Plays just fine for me with YAOSM 1.7, I didn't patch the ISO but I do have region unlocking enabled with the chip.  Most of the in game text is garbled, not that it matters.  Menus and stuff are all fine.

Seems to have a similar interface to what we can expect with Metroid Prime 3 with the lock on and free fire thing.


----------



## sekhu (Jul 26, 2007)

so to confirm for pal users, the game works fine on pal machines with the wii brickblocker ?


----------



## florkie2000 (Jul 26, 2007)

i heard on wiikey that no grabled text if the iso is unpatched , but grabled text if patch with wiibrickblocker


----------



## xbandaidx (Jul 27, 2007)

Just heads up, looking around for more information on this title, it would appear as far as the US release information states that this game is Japan Only.  Of course this could change, however as of now its JPN only.


----------



## mr_ding (Jul 27, 2007)

Wii-NTSC with Wiikey, using ISO (non-patched), black text box shows up with garbled text (instead of the actual Japanese text)


----------



## nezura (Jul 27, 2007)

i got garbled text in the tutorial of the game but other than that, the main story game works great and im using wiikey, non patched game on a US wii.
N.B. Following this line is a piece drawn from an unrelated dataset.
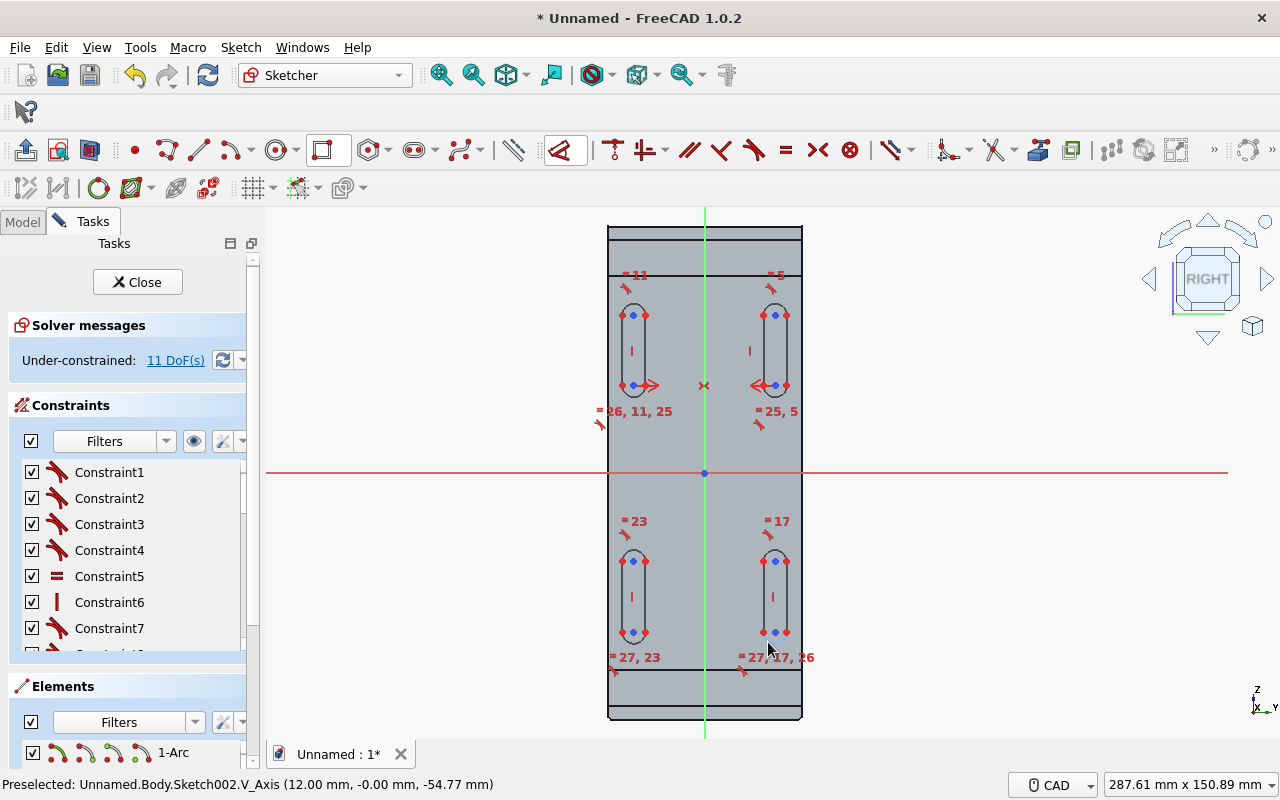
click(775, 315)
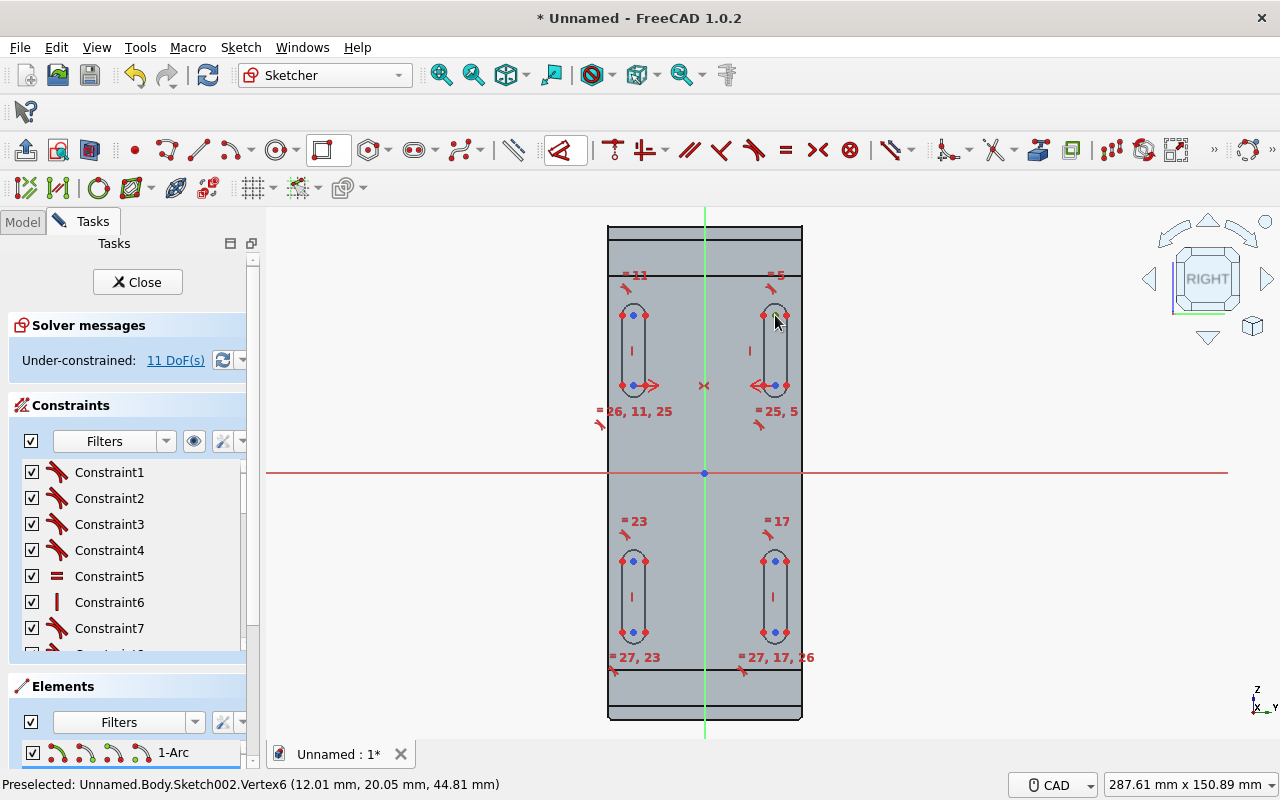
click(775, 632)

so it works for NTSC no brick.


----------



## biga55 (Jul 28, 2007)

Wiifree was a no go but with wiikey the nonpatched iso worked like a charm on a US wii, although the tutorial had garbled text.


----------



## SlyGuy (Jul 29, 2007)

Is it a fun game, though?  Is it multiplayer?  Would you recommend it?

P.S. Thanks Hooya for your answer.


----------



## Gitaroo (Jul 31, 2007)

played in on US Wii with wiikey, works fine with a patched(wiiblocker) and non patch version. Text are messed up probably because its not using the Japanese Text encoding while you play it on the US system.


----------



## biga55 (Jul 31, 2007)

QUOTE(SlyGuy @ Jul 29 2007 said:


> Is it a fun game, though?Â Is it multiplayer?Â Would you recommend it?


It's ok, kinda gets repetitive after a while.  The shooting with the lock on system is much better than the crappy Red Steel type.

There are VS and coop modes.


----------



## Kaphis (Aug 1, 2007)

anyone know how to coop modes work?


----------



## flobo (Aug 14, 2007)

The message on black screen just jay "please connect nunchuk in japanese" lol . I stayed stuck there for a while.


----------



## Lappiedoo (Aug 23, 2007)

Tried it on my Wii today and it works for Pal

Regionfrii > WiiBrickBlocker

You just see a slight bar on the bottom thats brighter than the rest and it doesnt fade out when its supposed to. But it doesnt bother the gameplay at all.


----------



## pig098 (Sep 16, 2007)

is it ever gonna be released in US?


----------



## alexdb (Jan 27, 2009)

shaunj66 said:
			
		

> ^^wiirelease-0261^^


excuse bad english in primis... so... i've read this on topic... "Release Name  	Mobile_Suit_Gundam_MS_Sensen _0079_JPN_WII-DMZ
Filename 	dmz-msgs
Dump Size 	90 x 50MB"

but i don't know ho to catch the link... i'm a newbee or i'm so so blind?

tol


----------